Em documento, Forças Armadas admitem pela primeira vez tortura e mortes durante ditadura

Ofício encaminhado à Comissão da Verdade diz que Estado foi responsável por ‘morte e desaparecimento de pessoas

POR EVANDRO ÉBOLI

BRASÍLIA — Em ofício encaminhado nesta sexta-feira à Comissão Nacional da Verdade (CNV), as Forças Armadas reconheceram pela primeira vez a ocorrência de desaparecimentos e mortes durante a ditadura militar. O ministro da Defesa, Celso Amorim, no documento, afirma que o ordenamento jurídico reconheceu a responsabilidade do Estado “pela morte e desaparecimento de pessoas durante o regime militar, bem como pelos atos de exceção praticados no período de 18 de setembro de 1946 a 05 de outubro de 1988”. O ordenamento jurídico a que Amorim se refere trata-se da criação da Comissão de Mortos e Desaparecidos Políticos, que admitiu a culpa do Estado e indenizou familiares de vítimas do regime, e também da Comissão de Anistia, que, até hoje, julga perseguições políticas ocorridas naquela época.
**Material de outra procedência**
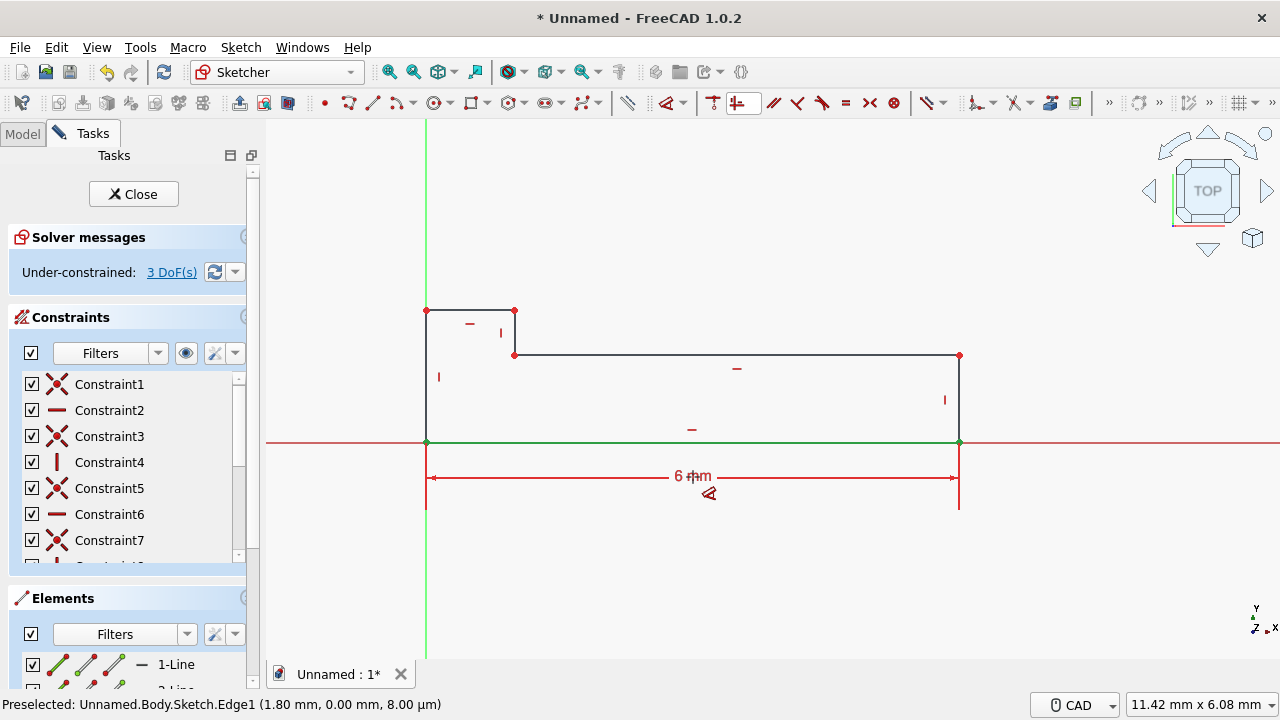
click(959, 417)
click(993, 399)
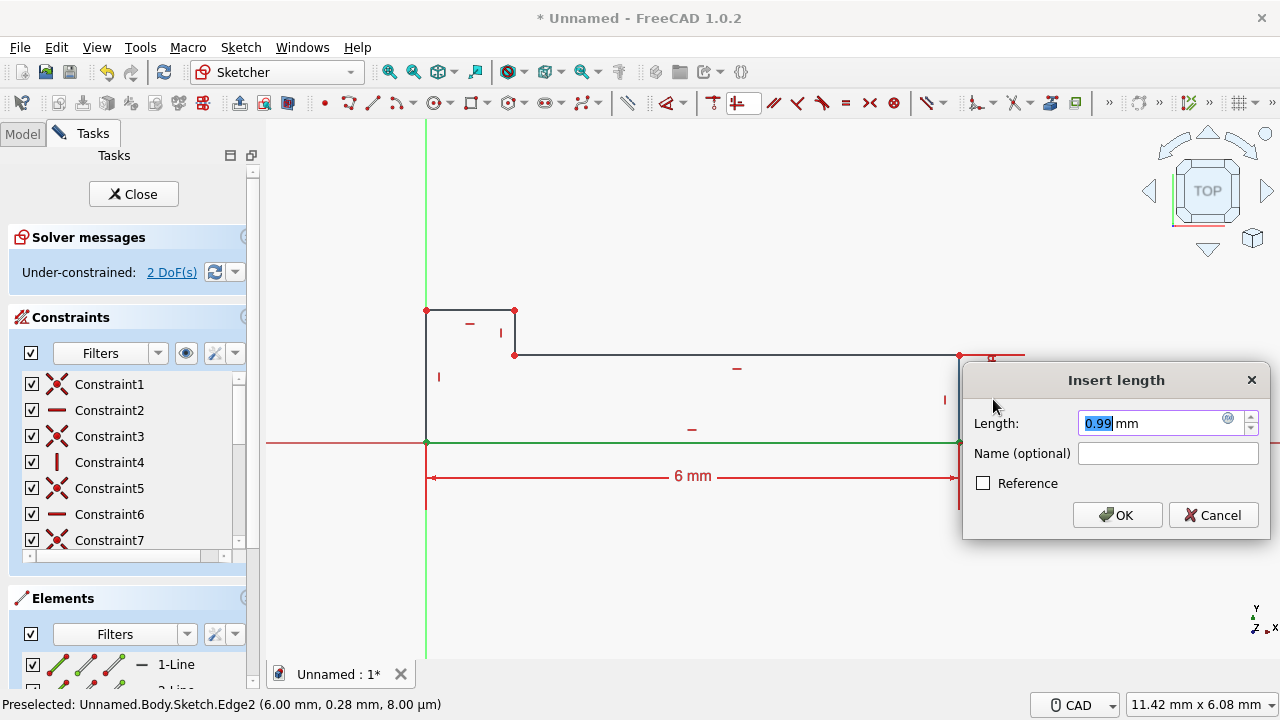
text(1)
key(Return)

CONFIRA A ÍNTEGRA DO OFÍCIO

“Nesta perspectiva, o Estado Brasileiro, do qual este Ministério faz parte, por meio das autoridades legalmente instituídas para esse fim, já reconheceu a existência das lamentáveis violações de direitos humanos ocorridas no passado e assumiu sua responsabilidade pelo cometimento desses atos”, diz o ofício.

 

No texto, os três comandantes militares também se manifestaram. Exército e Aeronáutica afirmam que não é pertinente a essas forças se manifestar sobre as decisões do Estado brasileiros, se referindo ao reconhecimento de mortes e torturas. A Marinha, por sua vez, diz que não foram encontrados indícios que permitam confirmar ou negar a ocorrência das violações. Amorim diz que os militares não negam ocorrência desses fatos.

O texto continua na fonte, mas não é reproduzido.